Instructions to follow
Where a line below includes the word "states", copy that line.

-- Dataset entries follows --

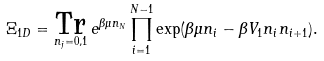Convert formula to latex. <formula><loc_0><loc_0><loc_500><loc_500>\Xi _ { 1 D } = \underset { n _ { j } = 0 , 1 } { \text {Tr} } \, e ^ { \beta \mu n _ { N } } \prod _ { i = 1 } ^ { N - 1 } \exp ( \beta \mu n _ { i } - \beta V _ { 1 } n _ { i } n _ { i + 1 } ) .</formula> 
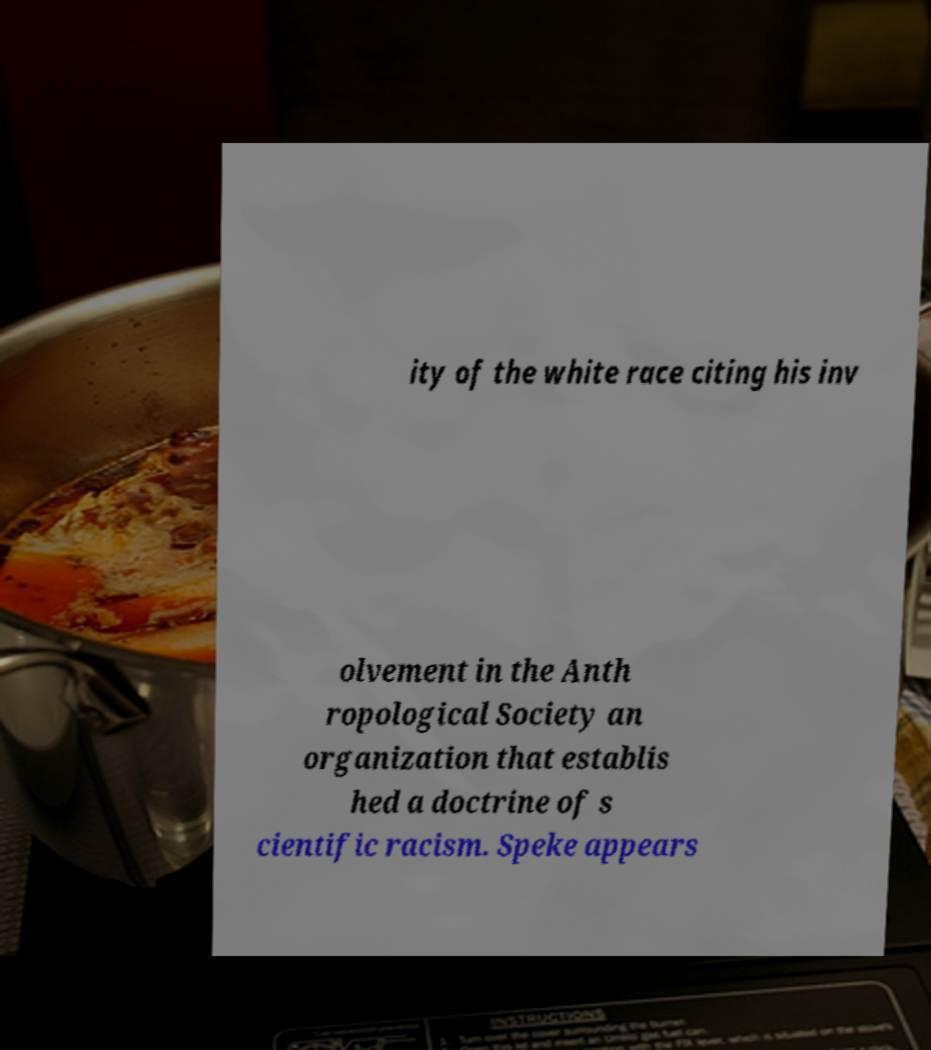What messages or text are displayed in this image? I need them in a readable, typed format. ity of the white race citing his inv olvement in the Anth ropological Society an organization that establis hed a doctrine of s cientific racism. Speke appears 
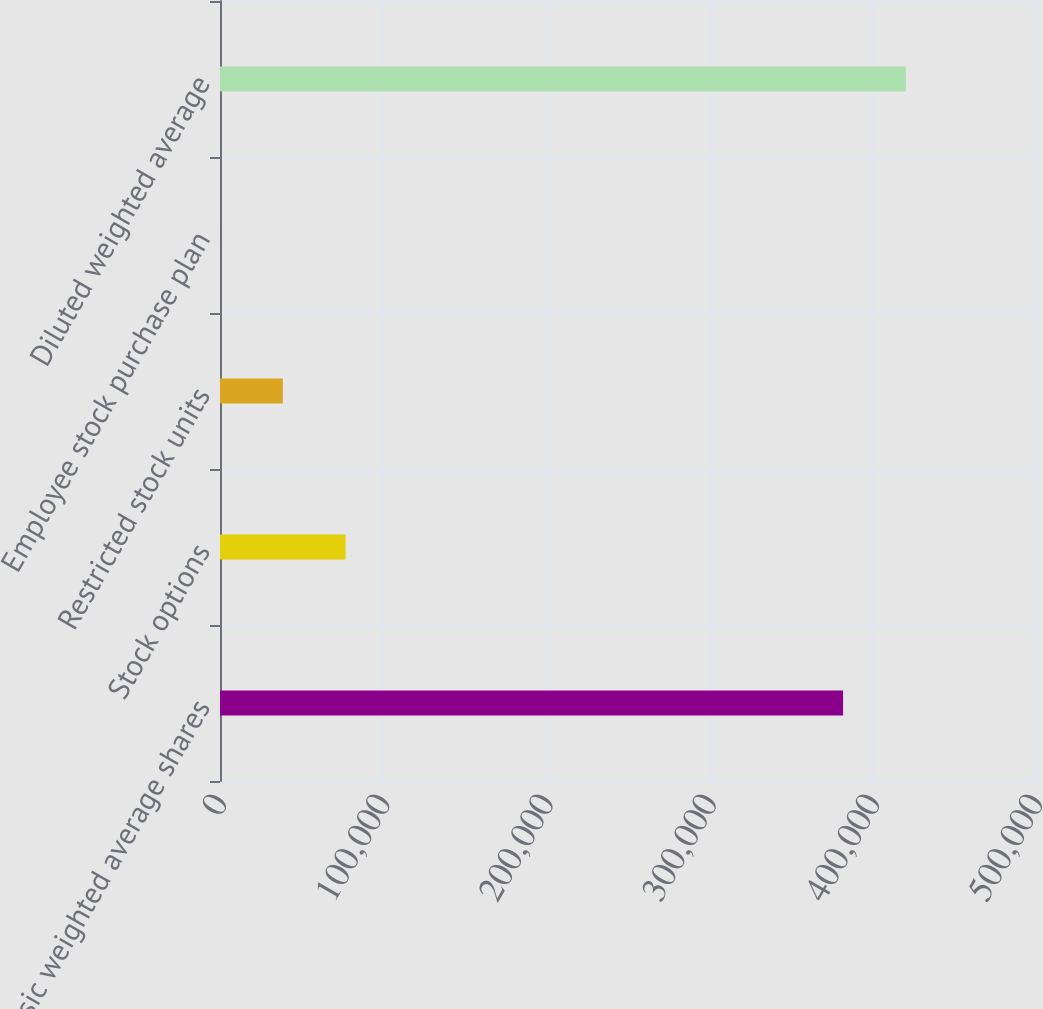<chart> <loc_0><loc_0><loc_500><loc_500><bar_chart><fcel>Basic weighted average shares<fcel>Stock options<fcel>Restricted stock units<fcel>Employee stock purchase plan<fcel>Diluted weighted average<nl><fcel>381782<fcel>76949.2<fcel>38497.1<fcel>45<fcel>420234<nl></chart> 
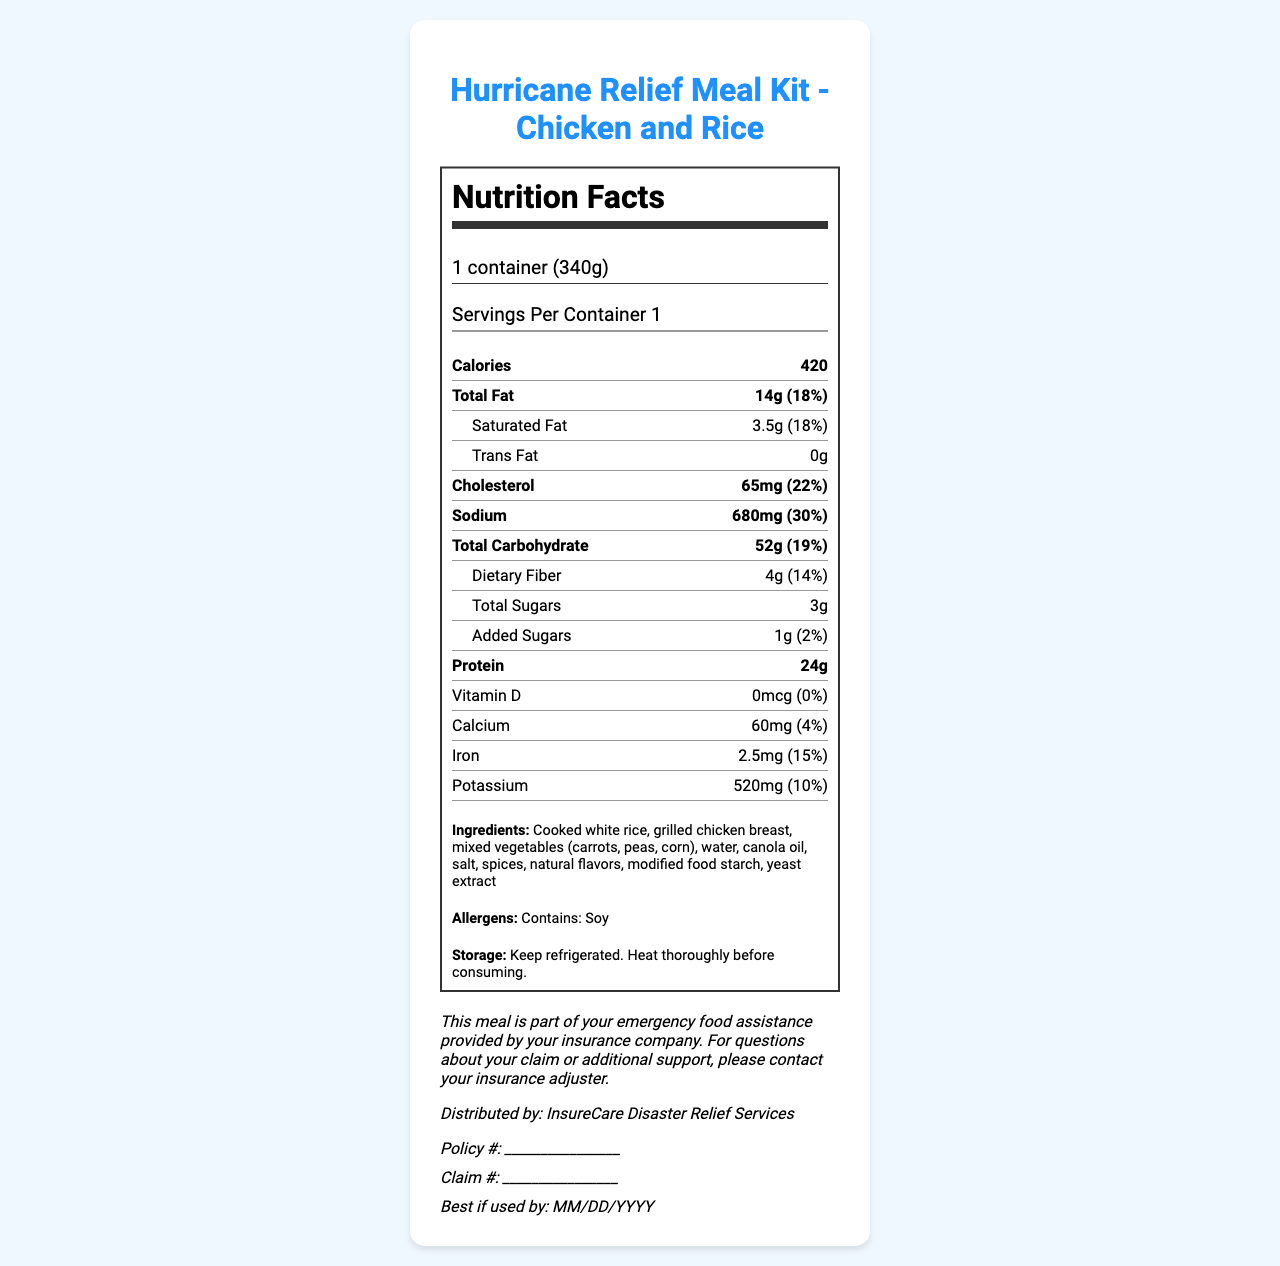what is the serving size? The serving size is explicitly stated as "1 container (340g)" in the document.
Answer: 1 container (340g) how many calories are in one serving? The document lists "Calories" as 420.
Answer: 420 what percentage of the daily value is the total fat? The document states that the total fat has a daily value of 18%.
Answer: 18% how much protein does the meal kit contain? The protein content is listed as "24g" in the document.
Answer: 24g what are the allergens listed for this meal kit? Allergens are specifically mentioned as "Contains: Soy".
Answer: Contains: Soy what is the best way to store this meal? The document provides storage instructions: "Keep refrigerated. Heat thoroughly before consuming."
Answer: Keep refrigerated. Heat thoroughly before consuming. which nutrient has the highest daily value percentage? A. Protein B. Cholesterol C. Sodium D. Iron Sodium has a daily value of 30%, which is higher than the other listed nutrients.
Answer: C. Sodium how many grams of saturated fat are there in one serving? A. 2g B. 3.5g C. 4g D. 14g The document states there are 3.5g of saturated fat per serving.
Answer: B. 3.5g is there any Vitamin D in the meal kit? The document lists Vitamin D as "0mcg (0%)", indicating no Vitamin D is present.
Answer: No do the ingredients include any type of meat? The ingredients list includes "grilled chicken breast", confirming the presence of meat.
Answer: Yes summarize the main information provided in the document. The document summarizes key aspects of the meal kit, including its nutritional content, ingredient list, allergen warnings, and practical instructions for storage and usage, all intended for policyholders affected by natural disasters.
Answer: The document is a Nutrition Facts Label for a Hurricane Relief Meal Kit containing Chicken and Rice. It includes nutritional information, ingredients, allergens, storage instructions, and additional information about the meal's distribution and usage. The label also allows policyholders to fill in their policy and claim numbers. what is the expiration date of the meal kit? The document includes a placeholder "Best if used by: MM/DD/YYYY" but does not provide a specific expiration date.
Answer: Not enough information

-- Dataset entries concluded --

Answer space
Answer: 420 what percentage of the daily value is the total fat? The document states that the total fat has a daily value of 18%.
Answer: C. Sodium how many grams of saturated fat are there in one serving? A. 2g B. 3.5g C. 4g D. 14g The document states there are 3.5g of saturated fat per serving.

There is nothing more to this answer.